Compared with controls (n = 45), patients with GGE (n = 25) showed widespread increased functional connectivity (θ to γ frequency bands) and power (δ to γ frequency bands) across the spectrum. Siblings (n = 18) fell between the levels of patients and controls. Heritability of the imaging metrics was observed in regions where patients strongly differed from controls, mainly in β frequencies, but also for δ and θ power. Network connectivity in GGE was heritable in frontal, central, and inferior parietal brain areas and power in central, temporo-parietal, and subcortical structures. Presence of generalized spike-wave activity during recordings and medication were associated with the network patterns, whereas other clinical factors such as age at onset, disease duration, or seizure control were not.

Metrics of brain oscillations are well suited to characterize GGE and likely relate to genetic factors rather than the active disease or treatment. High power and connectivity levels co-segregated in patients with GGE and healthy siblings, predominantly in the β band, representing an endophenotype of GGE.

Metrics of brain oscillations are well suited to characterize GGE and likely relate to genetic factors rather than the active disease or treatment. check details High power and connectivity levels co-segregated in patients with GGE and healthy siblings, predominantly in the β band, representing an endophenotype of GGE.

A systematic literature search has been performed to identify potential confounders for outcome prediction using pupillary light reflex in adult critically ill patients, as measured by handheld automated pupillometry devices.

Three digital databases (PubMed, EmBase, Cochrane) were systematically searched. Articles published between 1990-2019 in adult patients, using monocular automated handheld devices were considered. Studies were classified according to the OCEBM classification (level 1 represents the highest, level 5 the lowest level of evidence). Case reports, original research and systematic reviews were included and cross-referenced.

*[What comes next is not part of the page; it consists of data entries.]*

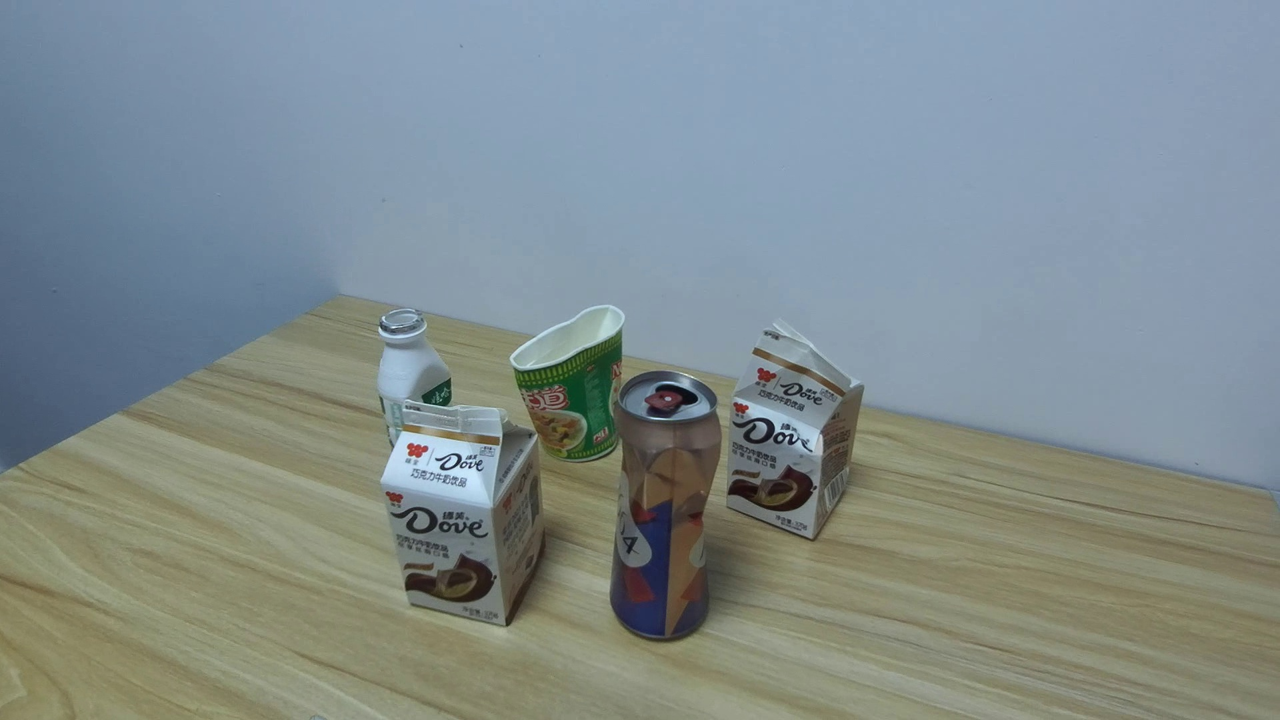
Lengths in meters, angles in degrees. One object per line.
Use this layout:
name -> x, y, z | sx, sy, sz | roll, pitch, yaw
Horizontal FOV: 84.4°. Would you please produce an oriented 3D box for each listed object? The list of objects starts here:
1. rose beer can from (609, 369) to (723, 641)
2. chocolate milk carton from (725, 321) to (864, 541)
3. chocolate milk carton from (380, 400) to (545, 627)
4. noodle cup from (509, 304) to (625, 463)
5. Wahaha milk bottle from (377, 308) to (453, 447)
rose beer can -> 0.016, 0.091, 0.429 | 0.065, 0.167, 0.075 | 2, 27, 0
chocolate milk carton -> 0.114, 0.044, 0.515 | 0.076, 0.156, 0.074 | 19, 38, 28
chocolate milk carton -> -0.110, 0.088, 0.453 | 0.075, 0.148, 0.074 | 8, 33, 12
noodle cup -> -0.056, 0.025, 0.601 | 0.115, 0.111, 0.070 | -19, 35, -30
Wahaha milk bottle -> -0.173, 0.031, 0.551 | 0.056, 0.148, 0.056 | 2, 31, -1
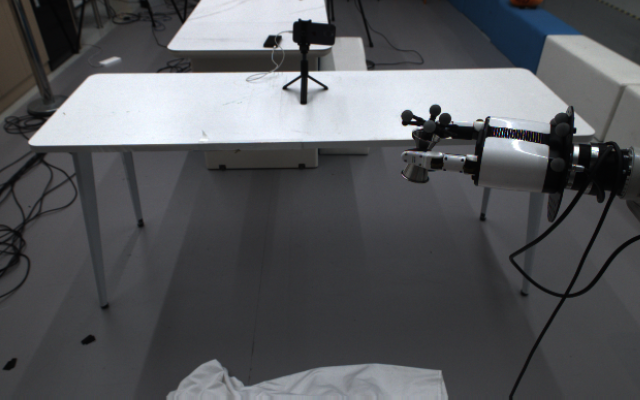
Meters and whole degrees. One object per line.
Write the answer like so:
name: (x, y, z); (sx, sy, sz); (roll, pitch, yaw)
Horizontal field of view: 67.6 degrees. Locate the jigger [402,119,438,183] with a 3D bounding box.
jigger: (0.149, -0.065, 0.721); (0.043, 0.071, 0.043); (9, 30, -5)
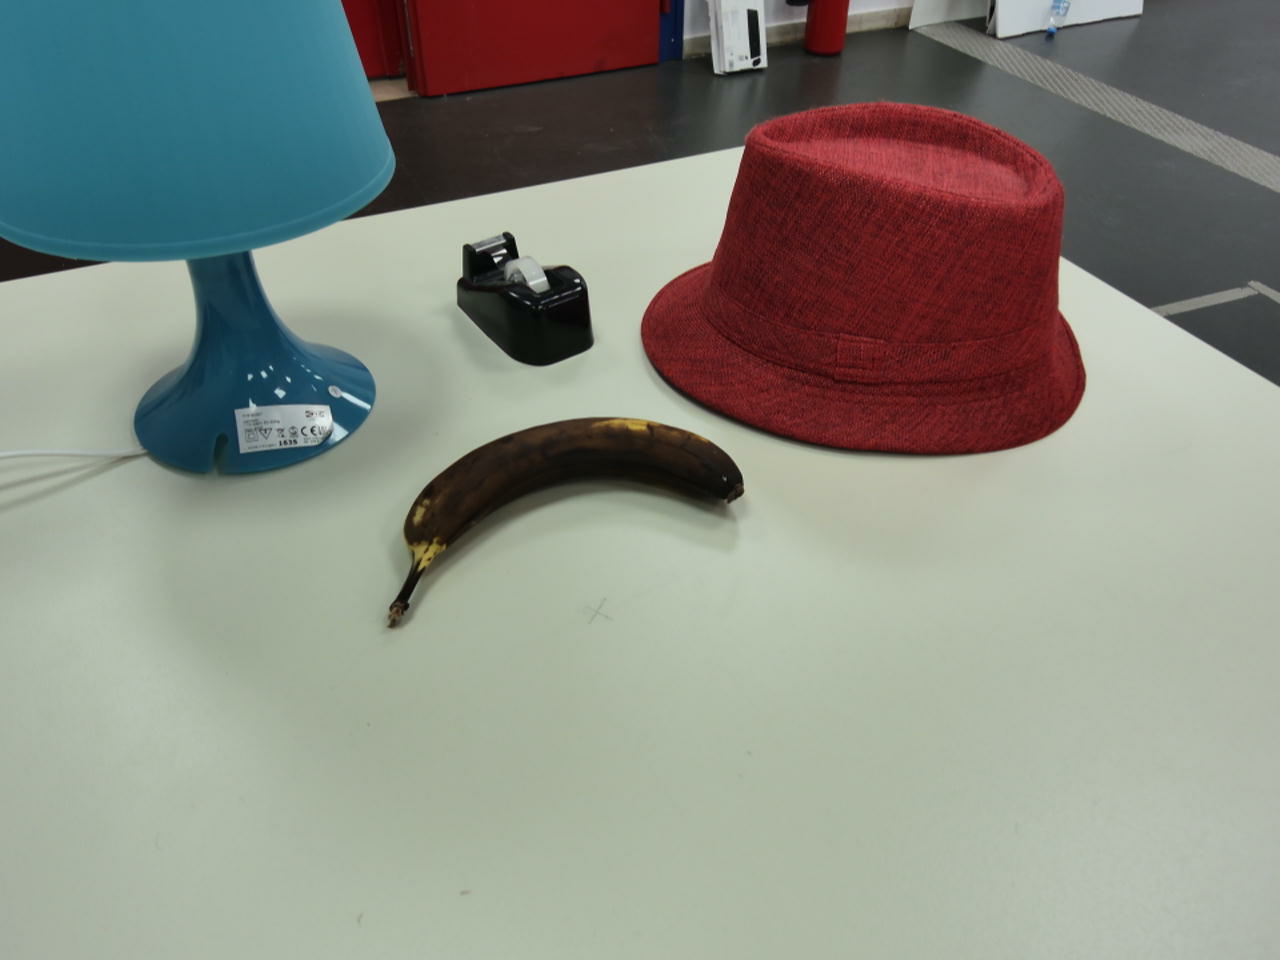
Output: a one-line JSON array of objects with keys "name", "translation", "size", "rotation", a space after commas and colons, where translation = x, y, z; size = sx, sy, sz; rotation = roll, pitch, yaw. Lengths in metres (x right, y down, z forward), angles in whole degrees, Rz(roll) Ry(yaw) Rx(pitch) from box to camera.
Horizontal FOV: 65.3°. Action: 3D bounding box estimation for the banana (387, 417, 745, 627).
[{"name": "banana", "translation": [-0.045, 0.004, 0.505], "size": [0.188, 0.034, 0.091], "rotation": [-15, 41, -19]}]
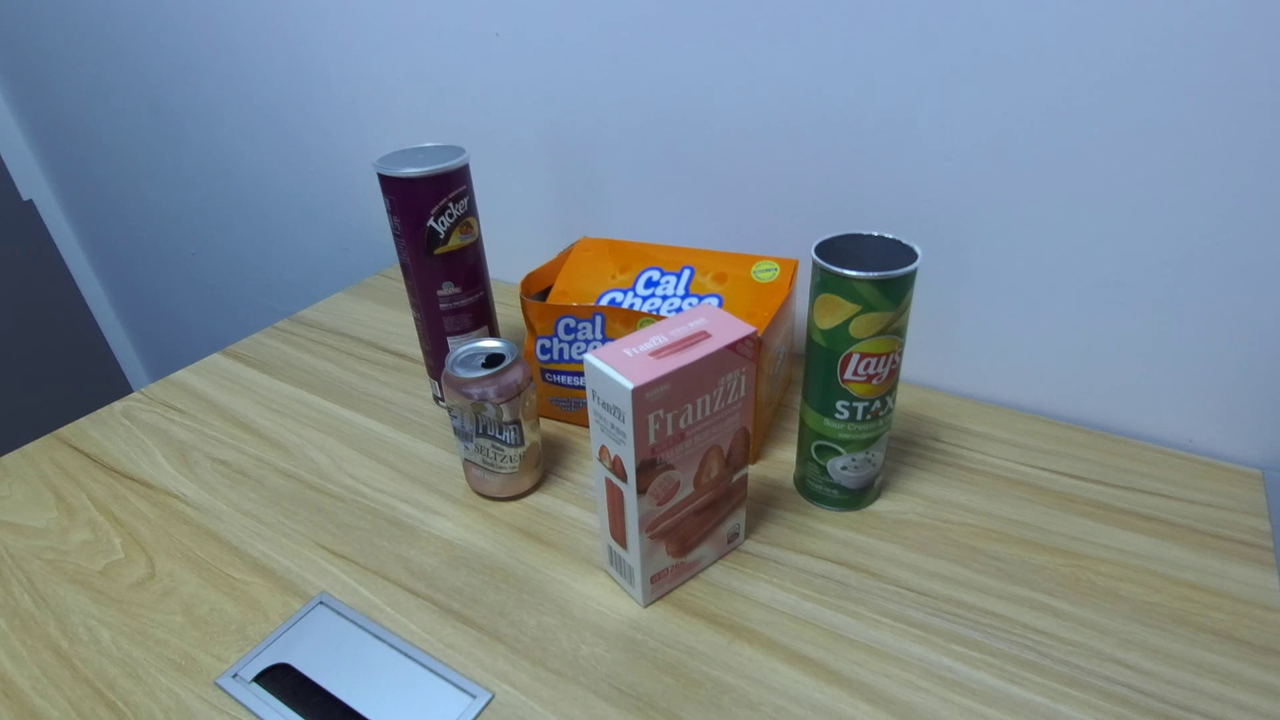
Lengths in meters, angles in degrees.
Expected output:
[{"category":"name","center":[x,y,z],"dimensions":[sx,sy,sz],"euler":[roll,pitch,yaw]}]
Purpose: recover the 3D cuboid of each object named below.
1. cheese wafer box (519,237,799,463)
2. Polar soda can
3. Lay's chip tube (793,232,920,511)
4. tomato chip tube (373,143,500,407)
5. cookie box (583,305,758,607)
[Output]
[{"category":"cheese wafer box","center":[0.017,-0.017,0.647],"dimensions":[0.229,0.132,0.152],"euler":[11,37,21]},{"category":"Polar soda can","center":[-0.114,0.050,0.564],"dimensions":[0.067,0.122,0.074],"euler":[-15,31,-16]},{"category":"Lay's chip tube","center":[0.153,0.013,0.511],"dimensions":[0.071,0.203,0.071],"euler":[-3,33,2]},{"category":"tomato chip tube","center":[-0.177,-0.070,0.651],"dimensions":[0.078,0.234,0.078],"euler":[-2,31,2]},{"category":"cookie box","center":[0.023,0.066,0.460],"dimensions":[0.096,0.185,0.048],"euler":[-24,39,-29]}]

Using 202 search terms, 58 eligible articles reporting on the use of handheld pupillometry in the critically ill could be identified, considering 3246 patients. The highest level of evidence came from 10 randomized trials and 19 prospective observational studies. The level of evidence was mostly 2 to 3 and highest with studies regarding the potential confounding effecl confounding effects on outcome and pupillary reflexes. When treatment is guided by pupillary metrics, such confounders put patients at risk of over- or undertreatment. Future research should validate and identify additional confounders, as our review suggests that even more unexplored confounders may exist.We previously proposed that the dopamine D2 receptor-interacting protein S100B binds to a putative S100B-binding motif at residues R233-L240 towards the N-terminus of the 3rd cytoplasmic loop. We used in vitro pull-down assays with FLAG-tagged fragments of the rat D2 receptor third cytoplasmic loop and in vitro-synthesized S100B to evaluate this hypothesis. Our results indicate that the putative S100B-binding motif is neither necessary nor sufficient for strong binding of S100B. Instead, two residues at the junction of the 5th membrane-spanning domain and the cytoplasmic extension of that a-helical domain, K211-I212, are required for robust, calcium-sensitive binding of S100B. This is also the approximate location of previously identified determinants for the binding of arrestin and calmodulin. A D2 receptor mutation converting I212 to phenylalanine has been described in patients with a hyperkinetic movement disorder. Significance Statement S100B is a small calcium-binding protein that modulates signaling by the dopamine D2 receptor.